§ Problem statement
Copy out exactly the lines from the one containing "Answer: reduction in" to the end of the records below, both included, and nothing else.

§ Task data
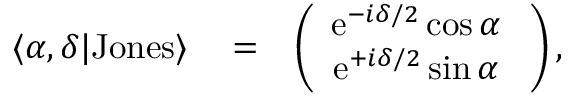Convert formula to latex. <formula><loc_0><loc_0><loc_500><loc_500>\begin{array} { r l r } { \langle \alpha , \delta | J o n e s \rangle } & = } & { \left ( \begin{array} { c } { e ^ { - i \delta / 2 } \cos \alpha \ } \\ { e ^ { + i \delta / 2 } \sin \alpha \ } \end{array} \right ) , } \end{array}</formula> 
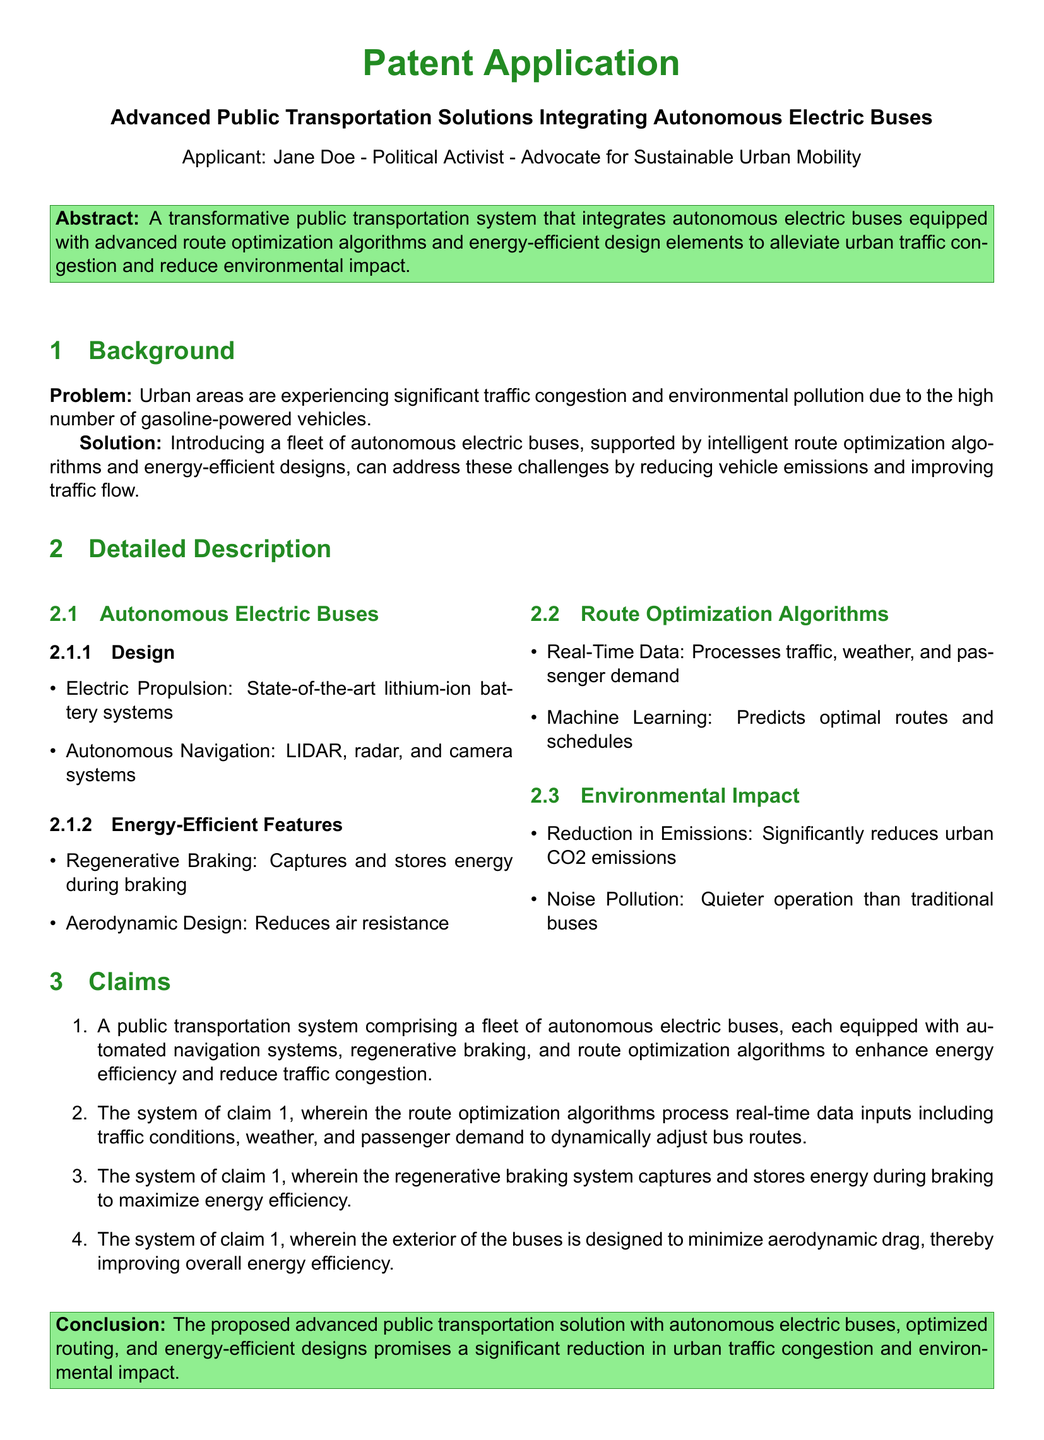What is the applicant's name? The applicant's name, as stated in the document, is Jane Doe.
Answer: Jane Doe What type of vehicles does the proposed system use? The document specifies that the proposed system uses autonomous electric buses.
Answer: autonomous electric buses What technology is used for autonomous navigation? The document lists LIDAR, radar, and camera systems as technologies used for navigation.
Answer: LIDAR, radar, and camera systems How does the system propose to reduce urban CO2 emissions? The proposed system aims to reduce emissions by utilizing autonomous electric buses and energy-efficient designs.
Answer: autonomous electric buses What feature captures energy during braking? The feature mentioned in the document that captures energy during braking is regenerative braking.
Answer: regenerative braking What is the purpose of route optimization algorithms? The purpose of route optimization algorithms is to predict optimal routes and schedules using real-time data.
Answer: predict optimal routes and schedules How does the design of the buses minimize energy consumption? The document mentions that the aerodynamic design of the buses helps to reduce air resistance, which minimizes energy consumption.
Answer: aerodynamic design What is the main environmental benefit of the proposed transportation solution? The main environmental benefit cited in the document is a significant reduction in urban CO2 emissions.
Answer: reduction in emissions What is the overall goal of the proposed public transportation system? The overall goal is to alleviate urban traffic congestion and minimize environmental impact.
Answer: alleviate urban traffic congestion and minimize environmental impact

§ Written solution
Answer: reduction in emissions What is the overall goal of the proposed public transportation system? The overall goal is to alleviate urban traffic congestion and minimize environmental impact.
Answer: alleviate urban traffic congestion and minimize environmental impact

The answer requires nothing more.